8) Augmenter la visibilité étant donné que le cadre de l’ESS est relativement peu connu, nous
devons nous engager à augmenter la prise de conscience à propos de l’ESS et l’implication des
acteurs. Notre public cible inclut le public en général, les alliés potentiels et les praticiens qui font
partie de l’ESS mais qui ne s’identifient pas avec ce cadre théorique. Deux stratégies centrales pour
augmenter la visibilité sont possibles:
a. l’éducation – l’éducation sur l’ESS et ses différents aspects peut prendre de nombreuses formes,
y compris des ateliers, des forums, des formations, des séminaires et des classes. L’éducation est
souvent le premier pas dans le processus de la mobilisation en faveur de l’ESS, l’organisation ou le
développement économique.
b. La communication, les médias, les médias sociaux articles, livres, vidéos, couverture
médiatique sont des formes importantes d’augmenter la prise de conscience sur l’ESS. Nous devons
développer une bibliothèque avec ces ressources.
Exploration ulterieure de la terminologie et des concepts:
Nous acceptons que sur chaque continent, il existe différents domaines qui servent d’approches, de
points d’entrée et de spécificités qui ont comme résultat l’usage de différentes terminologies en
relation avec l’économie sociale et solidaire. Des termes comme transition sociétale, mouvement de
transformation, changement de paradigme, modèle alternatif de développement économique
peuvent être utilisés en différents endroits et dans différents circonstances, selon les sensibilités
politiques, historiques ou culturelles. Par exemple, dans certains cercles asiatiques, le terme
d’économie solidaire est considéré avec suspicion comme étant un cousin proche du socialisme.
L’économie sociale et solidaire n’exclut pas les formes participatives, démocratiques de socialisme
mais reconnaît que chaque région doit décider quel langage et quel cadre théorique sont les plus
appropriés à ses circonstances particulières.
Economie Sociales versus Economie Solidaire:
L’économie sociale (Diagramme 1) est comprise en général comme un « tiers secteur » de
l’économie, qui complète le « premier secteur » (privé/orienté vers le profit) et le « second secteur »

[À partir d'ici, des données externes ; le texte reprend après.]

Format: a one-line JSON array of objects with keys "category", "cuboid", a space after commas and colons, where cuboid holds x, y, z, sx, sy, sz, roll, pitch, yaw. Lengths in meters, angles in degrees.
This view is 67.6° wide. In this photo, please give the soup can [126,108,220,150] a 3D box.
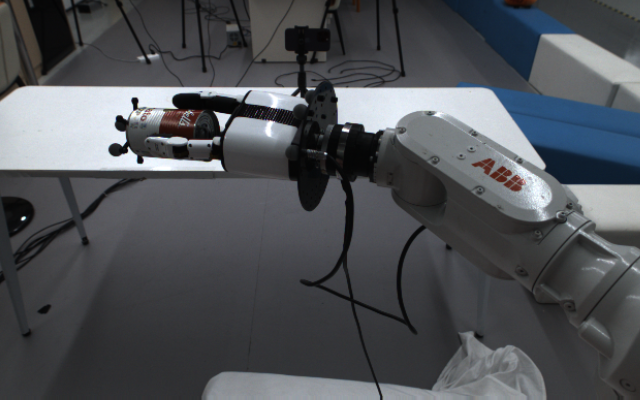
[{"category": "soup can", "cuboid": [-0.192, -0.086, 0.640, 0.101, 0.067, 0.067, 5, 34, 14]}]
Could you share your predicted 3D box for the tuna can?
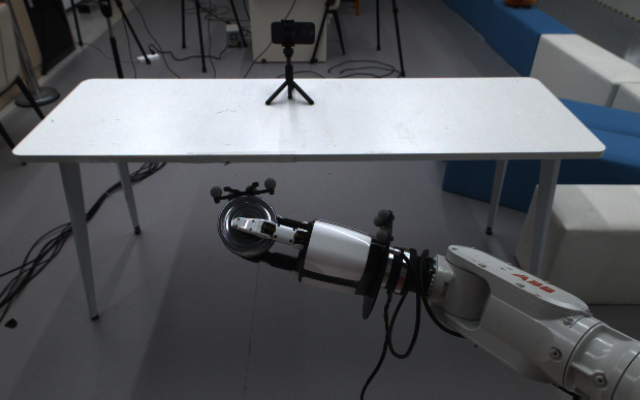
[{"bbox_3d":[-0.099,0.043,0.691,0.085,0.034,0.085,0,72,-1],"label":"tuna can"}]

(public/planifié). Le tiers secteur comprend les coopératives, les mutuelles, les associations et les
fondations (CMAFs) qui sont organisées de façon collective et orientées autour de buts à caractère
social qui ont la priorité sur les profits ou la rentabilité pour les actionnaires. La principale
préoccupation des CMAF, comme des sociétés de personnes, n'est pas de maximiser les profits,
mais d'atteindre des objectifs sociaux (ce qui n'exclut pas réaliser du profit, ce qui est nécessaire
pour le réinvestissement). Certains considèrent que l’économie sociale est le troisième pilier du
capitalisme, en même temps que le secteur public et privé. Donc, les défenseurs de l’économie
sociale tentent d’obtenir la même légitimité que les secteurs publics et privés, avec un niveau
correspondant de support en ressources et politiques publiques. D’autres, dans la partie plus radicale
du spectre, voient l’économie sociale comme une étape vers une transformation plus fondamentale
du système économique.
L’économie solidaire cherche à changer l’ensemble du système social et économique et met en
avant un paradigme différent de développement qui inclue les principes de l’économie solidaire.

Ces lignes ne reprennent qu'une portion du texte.